Since when you use a P2P network to download a song you are at the same time sharing it (posting) “between $500 and $20,000 FOR EACH WORK INFRINGED” would apply.

If you do not delete the songs from your “share” folder you are in big trouble.

Hey Eno:
I thought this too at first but upon a second reading, there are two things I noticed:

1. “For infringements that are not for private purposes” i.e. I am selling copies rather than just using personally, which most private Canadians wouldn’t be.

2. There is a further example of movies on a private individual’s computer further down on the page, they specifically say that for all 5 movies the maximum fine is $500.00 for a private individual.

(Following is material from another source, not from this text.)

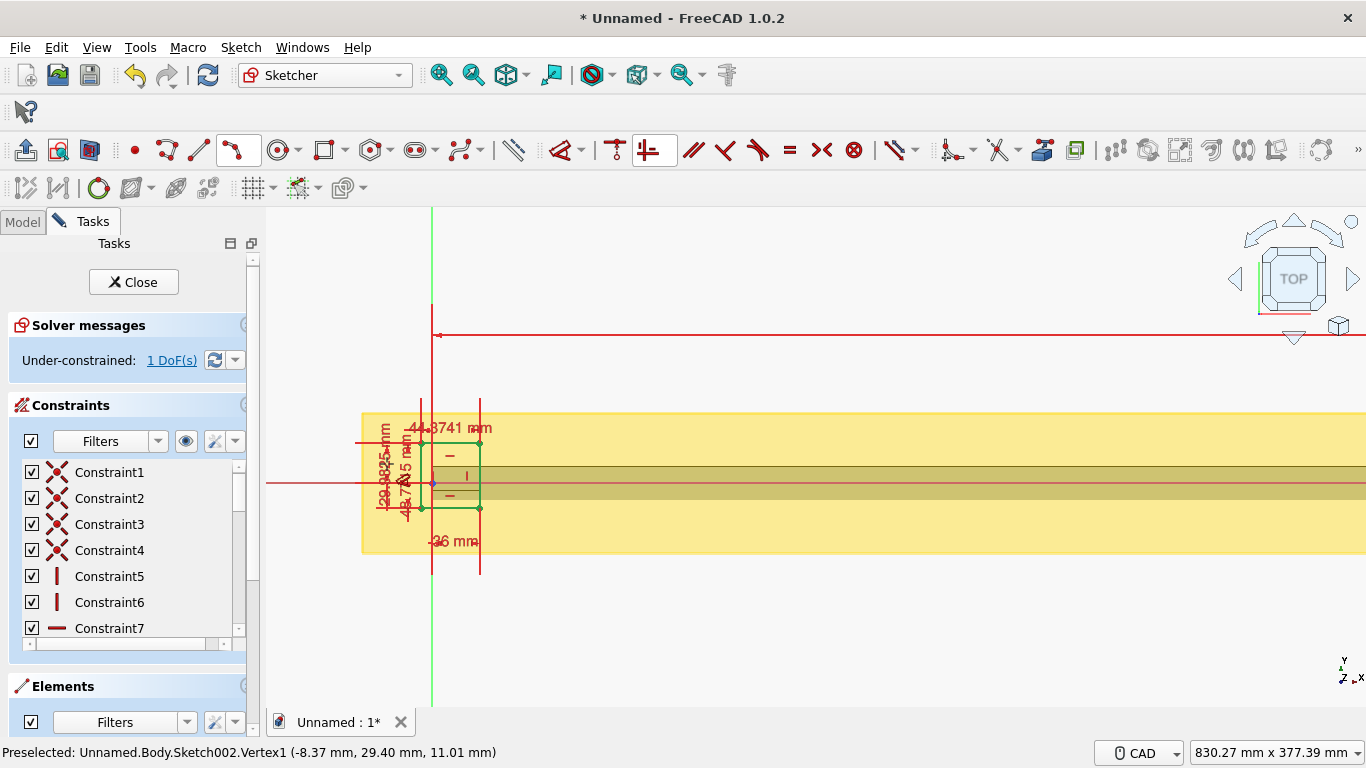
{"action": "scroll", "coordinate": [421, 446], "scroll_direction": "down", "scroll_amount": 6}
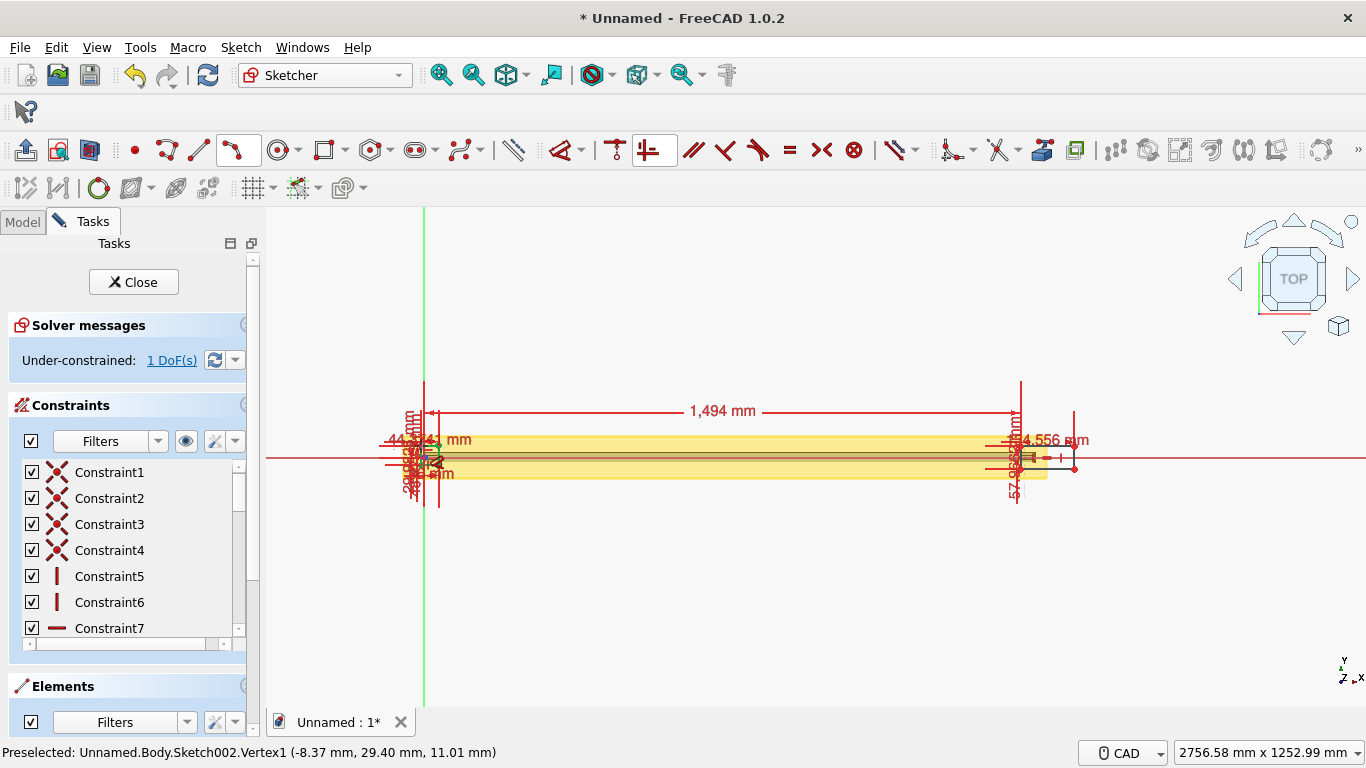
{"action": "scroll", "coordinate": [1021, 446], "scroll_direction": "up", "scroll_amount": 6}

“For example, if you downloaded five movies without authorization:

* Under current law, you could be liable for up to $100 000 in statutory damages
* Under the proposed bill, you would be liable for $500″

Not defending the bill, just want to make sure that the info I am giving is accurate. Thanks for pointing it out though as I probably wasn’t clear enough. Cheers!

Comment from ENO
Time: June 20, 2008, 11:18 am

Analyze carefully the statement: posting music using peer-to-peer (P2P) technology.

Peer to peer technology do not allow you to post music: you share music with the connected peers. Once you are sharing you cannot claim the “personal use” anymore. The misleading word here is downloading. There isn’t a single internet service that I know of which allows you to “only” download (besides the legal ones).

As University of Ottawa law professor Jeremy deBeer has stated: Using BitTorrent would be infringement of the worst kind, because you’d be both downloading and uploading. That’s big-time infringement.

http://www.theglobeandmail.com/servlet/story/RTGAM.20080613.wgtcopyrightchat0613/BNStory/Technology/home/?pageRequested=all

Comment from ENO
Time: June 20, 2008, 11:27 am

By the way read the last Michael’s post: “A Week in the Life of the Canadian DMCA: Part Five” for more insights.

Thank you Eno! I will be going away for a short vacation but on my return I will write a new letter regarding definition of “private use” and how that will be addressed in the bill. Let me know if you have anything else you think I should include. It is so important to get a two way conversation going with the government on any issue - I would also like to see more artist rather than studio protection, but that’s a whole new issue.